Hi,
I have 100's of pdf's like the one attached. I would like to be able to import them all and reconfigure into a table like the one I have also attached. I have tried it with PowerQuery but I don't know enough to make it work.
I am running Office 365 on Windows 11.
Your assistance would be greatly appreciated.
Wayne
Hi Wayne,
You should use Get Data> From File> From Folder, then you can filter for a specific file extension-.pdf in your case.

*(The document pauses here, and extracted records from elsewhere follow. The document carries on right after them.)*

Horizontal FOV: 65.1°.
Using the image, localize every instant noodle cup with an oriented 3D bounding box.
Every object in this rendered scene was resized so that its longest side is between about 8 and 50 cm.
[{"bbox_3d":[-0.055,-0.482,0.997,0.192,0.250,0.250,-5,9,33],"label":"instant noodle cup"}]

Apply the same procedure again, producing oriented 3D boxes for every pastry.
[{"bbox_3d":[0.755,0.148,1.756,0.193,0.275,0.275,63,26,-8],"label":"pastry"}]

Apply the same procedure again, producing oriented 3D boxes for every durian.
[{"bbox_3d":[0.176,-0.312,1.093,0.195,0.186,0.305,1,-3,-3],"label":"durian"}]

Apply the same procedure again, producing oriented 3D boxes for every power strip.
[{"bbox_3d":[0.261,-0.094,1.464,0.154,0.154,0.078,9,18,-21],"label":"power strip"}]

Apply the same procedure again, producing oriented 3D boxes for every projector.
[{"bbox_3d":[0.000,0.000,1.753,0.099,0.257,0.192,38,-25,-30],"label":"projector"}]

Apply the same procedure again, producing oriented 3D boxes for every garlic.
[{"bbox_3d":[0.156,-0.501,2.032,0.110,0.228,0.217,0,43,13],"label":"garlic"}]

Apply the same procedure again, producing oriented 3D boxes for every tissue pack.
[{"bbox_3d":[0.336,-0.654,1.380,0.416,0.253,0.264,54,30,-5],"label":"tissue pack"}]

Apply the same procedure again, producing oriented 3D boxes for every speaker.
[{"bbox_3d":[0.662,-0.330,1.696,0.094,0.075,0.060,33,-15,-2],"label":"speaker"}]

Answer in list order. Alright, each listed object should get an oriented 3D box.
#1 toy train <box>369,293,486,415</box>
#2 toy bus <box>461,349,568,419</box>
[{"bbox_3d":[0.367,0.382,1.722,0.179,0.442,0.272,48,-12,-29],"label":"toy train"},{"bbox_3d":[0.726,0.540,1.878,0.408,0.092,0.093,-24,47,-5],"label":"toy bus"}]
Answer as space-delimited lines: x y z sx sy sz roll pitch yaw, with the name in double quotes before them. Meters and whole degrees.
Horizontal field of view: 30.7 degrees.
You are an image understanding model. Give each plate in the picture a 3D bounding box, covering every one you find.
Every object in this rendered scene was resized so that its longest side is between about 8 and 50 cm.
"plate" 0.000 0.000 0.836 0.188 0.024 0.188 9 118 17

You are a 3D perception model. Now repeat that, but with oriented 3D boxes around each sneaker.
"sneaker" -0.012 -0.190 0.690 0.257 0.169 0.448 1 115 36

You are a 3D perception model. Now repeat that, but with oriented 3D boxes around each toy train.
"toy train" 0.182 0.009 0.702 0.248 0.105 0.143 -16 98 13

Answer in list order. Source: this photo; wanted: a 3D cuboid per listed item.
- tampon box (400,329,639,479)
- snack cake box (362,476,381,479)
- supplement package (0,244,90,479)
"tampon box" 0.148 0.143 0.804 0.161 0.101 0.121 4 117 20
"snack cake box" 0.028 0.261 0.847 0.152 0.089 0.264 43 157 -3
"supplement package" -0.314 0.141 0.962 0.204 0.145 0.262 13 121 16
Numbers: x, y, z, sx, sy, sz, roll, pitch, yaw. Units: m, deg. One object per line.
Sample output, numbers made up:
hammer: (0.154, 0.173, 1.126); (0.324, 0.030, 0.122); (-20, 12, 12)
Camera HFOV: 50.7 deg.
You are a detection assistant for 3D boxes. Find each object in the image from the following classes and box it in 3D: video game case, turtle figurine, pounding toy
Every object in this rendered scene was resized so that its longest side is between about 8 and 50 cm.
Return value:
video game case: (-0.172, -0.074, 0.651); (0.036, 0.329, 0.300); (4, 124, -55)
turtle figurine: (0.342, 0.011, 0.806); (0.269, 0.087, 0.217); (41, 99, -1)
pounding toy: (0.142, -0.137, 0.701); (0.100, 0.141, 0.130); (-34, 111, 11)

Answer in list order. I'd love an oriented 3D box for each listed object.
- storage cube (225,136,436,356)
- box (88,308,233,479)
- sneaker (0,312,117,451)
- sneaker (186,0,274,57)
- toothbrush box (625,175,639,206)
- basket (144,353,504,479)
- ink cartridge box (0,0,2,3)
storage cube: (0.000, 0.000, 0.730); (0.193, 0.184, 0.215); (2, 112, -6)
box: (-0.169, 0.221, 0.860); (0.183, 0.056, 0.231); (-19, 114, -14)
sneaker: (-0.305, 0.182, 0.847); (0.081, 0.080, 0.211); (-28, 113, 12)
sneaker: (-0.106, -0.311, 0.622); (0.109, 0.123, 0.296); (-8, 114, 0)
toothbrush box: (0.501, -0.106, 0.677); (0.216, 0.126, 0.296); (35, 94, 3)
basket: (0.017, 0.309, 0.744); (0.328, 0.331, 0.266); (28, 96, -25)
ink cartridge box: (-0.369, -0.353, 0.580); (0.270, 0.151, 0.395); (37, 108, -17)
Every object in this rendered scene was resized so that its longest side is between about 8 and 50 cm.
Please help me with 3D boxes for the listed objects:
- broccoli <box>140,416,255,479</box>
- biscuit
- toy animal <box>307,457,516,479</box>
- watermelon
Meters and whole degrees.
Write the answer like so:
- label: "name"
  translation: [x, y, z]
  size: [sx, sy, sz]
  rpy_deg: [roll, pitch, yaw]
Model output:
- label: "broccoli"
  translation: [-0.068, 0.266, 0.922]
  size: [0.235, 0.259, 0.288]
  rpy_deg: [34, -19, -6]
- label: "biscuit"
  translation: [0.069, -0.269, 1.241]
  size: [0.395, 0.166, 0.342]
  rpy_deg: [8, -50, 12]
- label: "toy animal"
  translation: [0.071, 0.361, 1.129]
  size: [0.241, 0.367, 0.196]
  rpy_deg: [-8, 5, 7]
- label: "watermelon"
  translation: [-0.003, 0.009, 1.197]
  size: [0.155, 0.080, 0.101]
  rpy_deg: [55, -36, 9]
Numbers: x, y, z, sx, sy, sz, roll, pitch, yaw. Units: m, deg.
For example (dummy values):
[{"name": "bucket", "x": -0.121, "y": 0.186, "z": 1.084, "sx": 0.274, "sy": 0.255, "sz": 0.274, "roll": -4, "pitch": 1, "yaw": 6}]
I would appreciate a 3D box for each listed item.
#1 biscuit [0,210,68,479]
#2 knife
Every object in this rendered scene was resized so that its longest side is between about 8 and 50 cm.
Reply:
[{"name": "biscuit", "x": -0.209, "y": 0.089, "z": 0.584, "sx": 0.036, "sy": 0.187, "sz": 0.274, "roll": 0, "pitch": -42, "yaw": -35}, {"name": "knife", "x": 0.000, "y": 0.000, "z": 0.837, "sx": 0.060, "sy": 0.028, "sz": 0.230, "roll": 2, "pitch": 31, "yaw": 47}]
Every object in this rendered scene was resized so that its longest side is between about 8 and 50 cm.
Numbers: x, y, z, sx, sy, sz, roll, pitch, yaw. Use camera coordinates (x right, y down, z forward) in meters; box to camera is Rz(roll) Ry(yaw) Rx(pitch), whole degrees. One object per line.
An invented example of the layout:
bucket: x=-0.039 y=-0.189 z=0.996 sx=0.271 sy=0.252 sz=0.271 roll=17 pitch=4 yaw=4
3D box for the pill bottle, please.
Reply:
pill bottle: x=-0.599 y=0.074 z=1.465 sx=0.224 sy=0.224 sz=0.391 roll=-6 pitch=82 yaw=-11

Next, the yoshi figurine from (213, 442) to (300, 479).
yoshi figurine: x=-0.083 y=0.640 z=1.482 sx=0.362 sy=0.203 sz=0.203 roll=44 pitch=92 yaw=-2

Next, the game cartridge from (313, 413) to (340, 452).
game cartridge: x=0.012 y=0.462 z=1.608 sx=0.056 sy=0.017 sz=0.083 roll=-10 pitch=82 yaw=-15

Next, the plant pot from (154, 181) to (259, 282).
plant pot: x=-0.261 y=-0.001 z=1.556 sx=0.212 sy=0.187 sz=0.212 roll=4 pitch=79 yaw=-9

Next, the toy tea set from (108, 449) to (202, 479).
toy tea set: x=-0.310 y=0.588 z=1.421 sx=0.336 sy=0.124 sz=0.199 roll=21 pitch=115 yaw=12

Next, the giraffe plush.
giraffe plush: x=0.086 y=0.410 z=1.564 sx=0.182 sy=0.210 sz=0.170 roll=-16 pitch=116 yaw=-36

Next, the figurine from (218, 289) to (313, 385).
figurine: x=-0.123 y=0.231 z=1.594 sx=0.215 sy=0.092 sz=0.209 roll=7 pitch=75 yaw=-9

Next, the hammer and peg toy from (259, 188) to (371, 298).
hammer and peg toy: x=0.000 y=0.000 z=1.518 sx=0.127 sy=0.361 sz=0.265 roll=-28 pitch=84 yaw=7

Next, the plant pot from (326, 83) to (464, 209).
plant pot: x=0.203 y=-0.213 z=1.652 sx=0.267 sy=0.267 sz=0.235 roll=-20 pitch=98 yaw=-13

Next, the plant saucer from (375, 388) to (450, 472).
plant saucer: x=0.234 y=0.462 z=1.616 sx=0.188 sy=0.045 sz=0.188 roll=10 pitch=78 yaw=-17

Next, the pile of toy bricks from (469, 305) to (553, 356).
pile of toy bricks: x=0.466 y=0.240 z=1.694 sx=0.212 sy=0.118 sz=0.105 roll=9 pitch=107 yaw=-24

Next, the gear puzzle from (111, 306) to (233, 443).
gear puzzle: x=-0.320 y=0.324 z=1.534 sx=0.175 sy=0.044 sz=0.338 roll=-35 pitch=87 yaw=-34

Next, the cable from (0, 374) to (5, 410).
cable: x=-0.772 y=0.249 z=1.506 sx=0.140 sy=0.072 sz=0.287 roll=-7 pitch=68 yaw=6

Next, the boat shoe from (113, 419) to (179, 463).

Example attached, change the folder path from Path sheet to your pdf folder path.
sample queries:
let
FolderPath = Excel.CurrentWorkbook(){[Name="FolderPath"]}[Content]{0}[Folder Path],
Source = Folder.Files(FolderPath),
#"Filtered Rows" = Table.SelectRows(Source, each ([Extension] = ".pdf")),
#"Added Custom" = Table.AddColumn(#"Filtered Rows", "Custom", each GetPDFData([Content])),
#"Removed Other Columns" = Table.SelectColumns(#"Added Custom",{"Custom"}),
ColNames = Table.ColumnNames(Table.Combine(#"Removed Other Columns"[Custom])),
#"Expanded Custom" = Table.ExpandTableColumn(#"Removed Other Columns", "Custom", ColNames, ColNames)
in
#"Expanded Custom"
Code for the function that reads data from a single pdf file GetPDFData:
(bin as binary)=>
let
#"Imported PDF" = Pdf.Tables(bin),
#"Filtered Rows1" = Table.SelectRows(#"Imported PDF", each ([Kind] = "Table")),
#"Removed Other Columns" = Table.SelectColumns(#"Filtered Rows1",{"Data"}),
ColNames = Table.ColumnNames(Table.Combine(#"Removed Other Columns"[Data])),
#"Expanded Data" = Table.ExpandTableColumn(#"Removed Other Columns", "Data", ColNames, ColNames)
in
#"Expanded Data"
Thank you, Catalin. I will let you know if it works as soon as I get a chance to try it.